REQUIREMENT: Each line below from the line with "1) action figure (556,199,639,476)" to the line with "Which oriented 3D" must be copied exactly, including those two, and no picture may appear in the copy.

RECORDS TO PROCESS:
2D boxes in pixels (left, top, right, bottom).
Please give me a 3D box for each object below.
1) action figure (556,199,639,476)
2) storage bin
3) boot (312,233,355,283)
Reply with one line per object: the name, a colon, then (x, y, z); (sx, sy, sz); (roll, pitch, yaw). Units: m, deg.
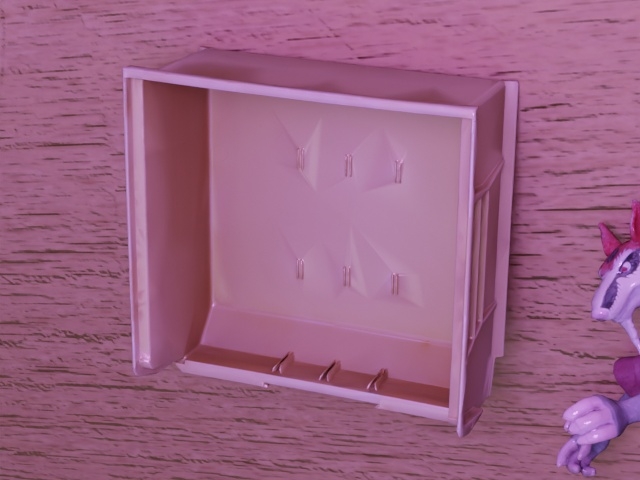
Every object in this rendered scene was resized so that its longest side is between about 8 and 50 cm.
action figure: (0.311, 0.135, 1.156); (0.275, 0.248, 0.370); (-23, 92, 3)
storage bin: (0.000, 0.000, 1.194); (0.262, 0.123, 0.260); (8, 111, 20)
boot: (0.029, 0.063, 1.331); (0.086, 0.069, 0.190); (-12, 112, 39)
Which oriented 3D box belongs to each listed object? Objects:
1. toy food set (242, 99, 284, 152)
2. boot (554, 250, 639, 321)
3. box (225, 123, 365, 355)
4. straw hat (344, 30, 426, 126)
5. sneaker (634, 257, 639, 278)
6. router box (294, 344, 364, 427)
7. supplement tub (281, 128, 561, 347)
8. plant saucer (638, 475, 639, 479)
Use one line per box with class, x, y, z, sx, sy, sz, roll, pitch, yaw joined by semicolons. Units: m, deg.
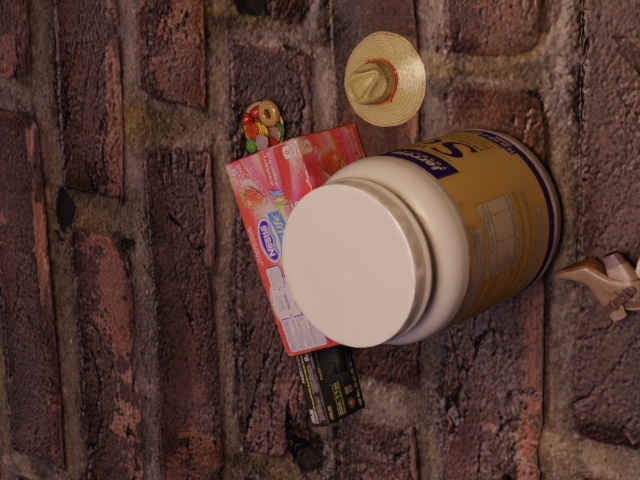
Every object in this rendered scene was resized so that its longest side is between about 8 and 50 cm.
toy food set;-0.087;-0.171;2.125;0.083;0.020;0.082;-10;96;40
boot;0.368;0.064;1.809;0.118;0.042;0.087;-19;98;48
box;0.000;0.000;2.022;0.154;0.142;0.300;-18;90;41
straw hat;0.073;-0.220;1.954;0.144;0.061;0.144;12;110;37
sneaker;0.442;-0.019;1.716;0.067;0.064;0.175;23;126;24
router box;0.013;0.210;2.105;0.038;0.092;0.122;-12;95;41
supplement tub;0.132;-0.004;1.787;0.241;0.331;0.241;12;110;36
plant saucer;0.519;0.351;1.767;0.241;0.037;0.241;12;111;35
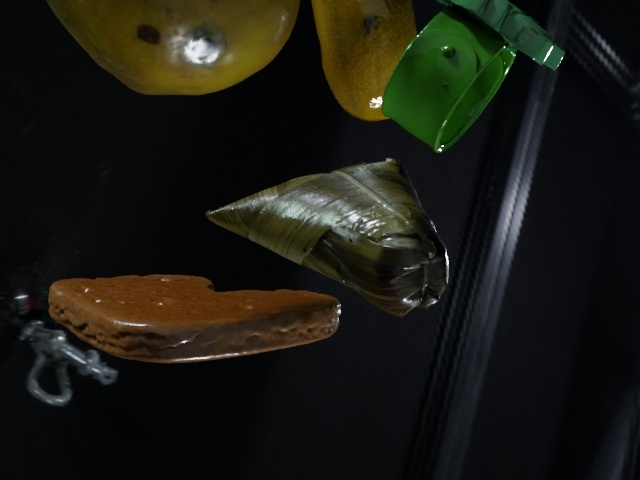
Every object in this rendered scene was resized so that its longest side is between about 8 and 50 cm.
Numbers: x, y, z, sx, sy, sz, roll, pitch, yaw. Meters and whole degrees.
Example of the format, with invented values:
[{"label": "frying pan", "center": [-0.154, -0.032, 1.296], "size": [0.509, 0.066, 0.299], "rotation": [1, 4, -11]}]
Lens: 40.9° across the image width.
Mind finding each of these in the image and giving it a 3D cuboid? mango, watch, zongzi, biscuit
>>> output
[{"label": "mango", "center": [-0.120, -0.249, 0.535], "size": [0.175, 0.176, 0.330], "rotation": [-22, -86, -19]}, {"label": "mango", "center": [0.045, -0.258, 0.941], "size": [0.108, 0.157, 0.262], "rotation": [-11, -76, 5]}, {"label": "watch", "center": [0.139, -0.159, 0.816], "size": [0.131, 0.165, 0.152], "rotation": [35, -74, 12]}, {"label": "zongzi", "center": [0.000, 0.000, 1.089], "size": [0.288, 0.286, 0.134], "rotation": [-4, -65, -6]}, {"label": "biscuit", "center": [-0.096, 0.056, 0.657], "size": [0.186, 0.192, 0.036], "rotation": [-5, -78, -36]}]
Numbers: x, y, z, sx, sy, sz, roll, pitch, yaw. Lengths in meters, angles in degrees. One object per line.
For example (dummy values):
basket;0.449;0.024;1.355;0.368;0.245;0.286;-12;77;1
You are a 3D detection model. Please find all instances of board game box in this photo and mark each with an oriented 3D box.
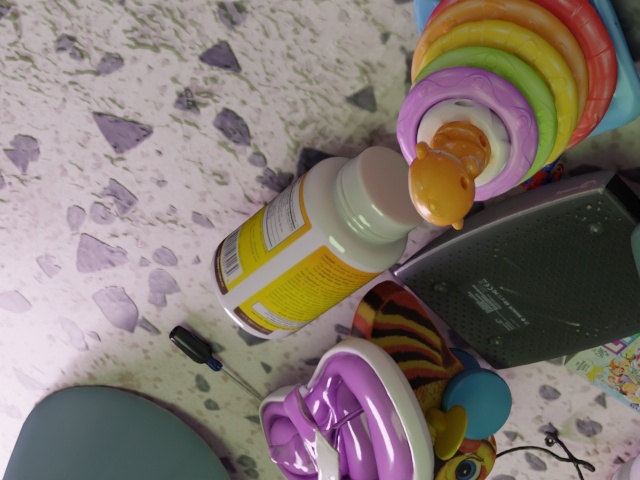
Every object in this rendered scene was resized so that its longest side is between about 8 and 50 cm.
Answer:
board game box;0.320;0.098;1.298;0.103;0.026;0.154;32;133;-7

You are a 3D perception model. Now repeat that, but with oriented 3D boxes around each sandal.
sandal;0.003;0.208;1.336;0.169;0.102;0.416;61;160;6

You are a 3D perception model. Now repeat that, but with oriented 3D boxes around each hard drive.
hard drive;0.208;0.028;1.239;0.172;0.054;0.254;43;140;-20

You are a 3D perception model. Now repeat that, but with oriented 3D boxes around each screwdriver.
screwdriver;-0.100;0.150;1.511;0.170;0.024;0.025;40;160;-16

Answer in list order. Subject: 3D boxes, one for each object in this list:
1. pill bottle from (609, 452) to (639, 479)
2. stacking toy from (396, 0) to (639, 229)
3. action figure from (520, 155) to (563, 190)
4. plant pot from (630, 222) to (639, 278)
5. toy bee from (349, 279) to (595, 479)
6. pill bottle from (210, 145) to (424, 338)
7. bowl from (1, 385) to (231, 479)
pill bottle;0.337;0.296;1.399;0.119;0.119;0.208;21;133;3
stacking toy;0.122;-0.091;1.019;0.165;0.302;0.175;-15;113;30
action figure;0.197;-0.071;1.202;0.038;0.030;0.115;15;135;4
plant pot;0.388;0.038;1.047;0.252;0.248;0.247;3;114;60
toy bee;0.121;0.190;1.343;0.298;0.162;0.195;42;176;2
pill bottle;0.000;0.000;1.277;0.117;0.117;0.215;41;131;-15
bowl;-0.263;0.344;1.604;0.311;0.163;0.311;10;120;18
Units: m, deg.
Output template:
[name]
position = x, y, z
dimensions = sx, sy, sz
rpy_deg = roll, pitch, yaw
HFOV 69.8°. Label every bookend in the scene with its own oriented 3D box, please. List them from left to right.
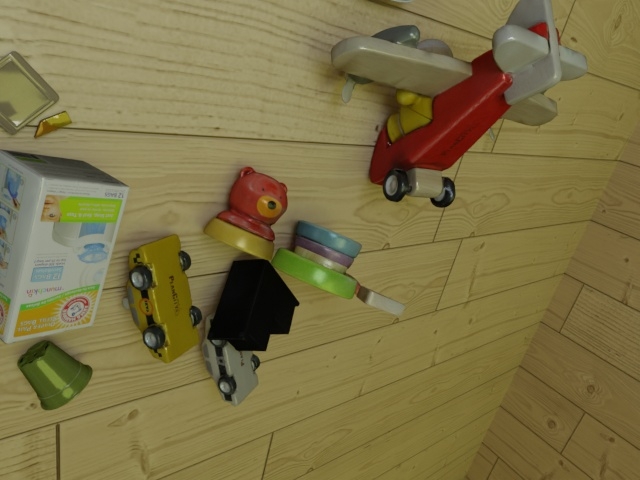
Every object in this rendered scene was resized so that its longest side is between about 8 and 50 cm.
[bookend]
position = -0.113, 0.141, 0.833
dimensions = 0.157, 0.072, 0.156
rpy_deg = 60, 33, -46

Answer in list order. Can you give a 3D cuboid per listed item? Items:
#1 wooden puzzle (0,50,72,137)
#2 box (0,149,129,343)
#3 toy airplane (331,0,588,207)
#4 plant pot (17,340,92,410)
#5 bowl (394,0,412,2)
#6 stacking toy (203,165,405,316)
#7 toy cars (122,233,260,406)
[wooden puzzle]
position = -0.355, -0.169, 0.531
dimensions = 0.078, 0.014, 0.116
rpy_deg = -42, 137, -19
[box]
position = -0.336, 0.006, 0.565
dimensions = 0.114, 0.103, 0.203
rpy_deg = -2, 115, -61
[toy airplane]
position = 0.232, -0.265, 0.795
dimensions = 0.384, 0.272, 0.386
rpy_deg = -19, 151, 10
[plant pot]
position = -0.401, 0.193, 0.684
dimensions = 0.083, 0.083, 0.079
rpy_deg = -34, 122, -20
[bowl]
position = 0.105, -0.457, 0.717
dimensions = 0.142, 0.053, 0.142
rpy_deg = -7, 120, -39
[stacking toy]
position = 0.000, 0.000, 0.769
dimensions = 0.309, 0.279, 0.130
rpy_deg = 24, 88, -45
[toy cars]
position = -0.220, 0.149, 0.795
dimensions = 0.394, 0.087, 0.176
rpy_deg = 58, 38, -47
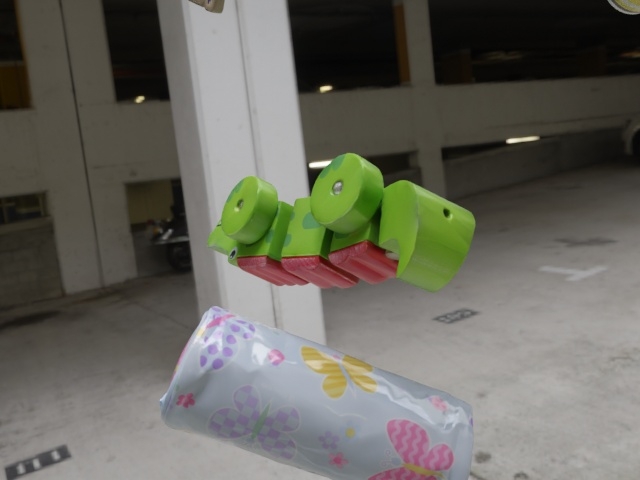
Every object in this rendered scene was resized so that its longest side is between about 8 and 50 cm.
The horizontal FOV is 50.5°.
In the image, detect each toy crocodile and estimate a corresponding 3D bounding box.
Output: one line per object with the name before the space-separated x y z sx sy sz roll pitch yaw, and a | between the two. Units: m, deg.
toy crocodile | 0.000 0.000 0.628 0.115 0.105 0.341 28 -22 -36

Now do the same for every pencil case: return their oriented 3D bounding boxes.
pencil case | -0.001 0.157 0.606 0.273 0.124 0.113 23 29 0

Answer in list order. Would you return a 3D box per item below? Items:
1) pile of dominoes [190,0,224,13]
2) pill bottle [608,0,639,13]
pile of dominoes | -0.107 -0.326 0.549 0.040 0.251 0.196 2 22 -27
pill bottle | 0.318 -0.257 0.628 0.065 0.065 0.116 -7 3 -3
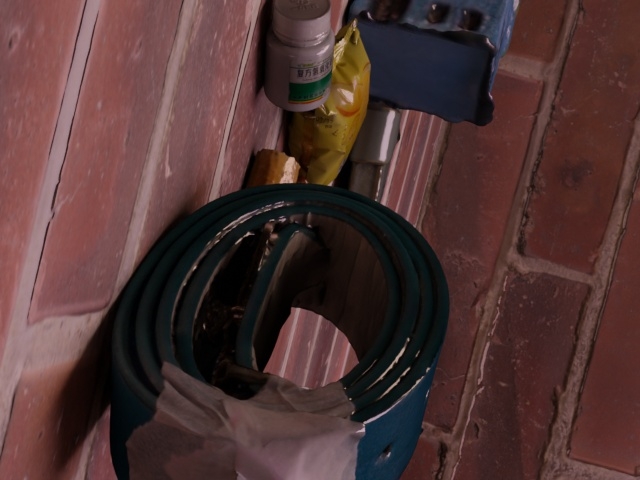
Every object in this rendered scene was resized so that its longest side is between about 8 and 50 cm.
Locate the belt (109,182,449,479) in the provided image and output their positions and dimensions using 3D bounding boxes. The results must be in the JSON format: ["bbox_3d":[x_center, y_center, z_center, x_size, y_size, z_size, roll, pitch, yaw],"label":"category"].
[{"bbox_3d":[-0.036,0.109,1.393,0.436,0.300,0.173,-64,165,-51],"label":"belt"}]

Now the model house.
[{"bbox_3d":[0.184,-0.351,2.183,0.215,0.237,0.303,91,16,-53],"label":"model house"}]

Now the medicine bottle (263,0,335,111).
[{"bbox_3d":[-0.024,-0.220,1.640,0.130,0.080,0.080,96,13,-46],"label":"medicine bottle"}]

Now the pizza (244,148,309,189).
[{"bbox_3d":[-0.054,0.011,1.819,0.229,0.081,0.289,-51,152,-69],"label":"pizza"}]

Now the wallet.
[{"bbox_3d":[0.098,-0.184,2.428,0.252,0.083,0.360,-51,154,-79],"label":"wallet"}]

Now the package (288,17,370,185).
[{"bbox_3d":[0.010,-0.168,1.886,0.226,0.090,0.168,95,15,-56],"label":"package"}]

RESPONSE TO THE EXERCISE:
1) action figure (556,199,639,476)
2) storage bin
3) boot (312,233,355,283)
Reply with one line per object: the name, a colon, then (x, y, z); (sx, sy, sz); (roll, pitch, yaw). Units: m, deg.
Every object in this rendered scene was resized so that its longest side is between about 8 and 50 cm.
action figure: (0.311, 0.135, 1.156); (0.275, 0.248, 0.370); (-23, 92, 3)
storage bin: (0.000, 0.000, 1.194); (0.262, 0.123, 0.260); (8, 111, 20)
boot: (0.029, 0.063, 1.331); (0.086, 0.069, 0.190); (-12, 112, 39)
Which oriented 3D box belongs to each listed object? Objects:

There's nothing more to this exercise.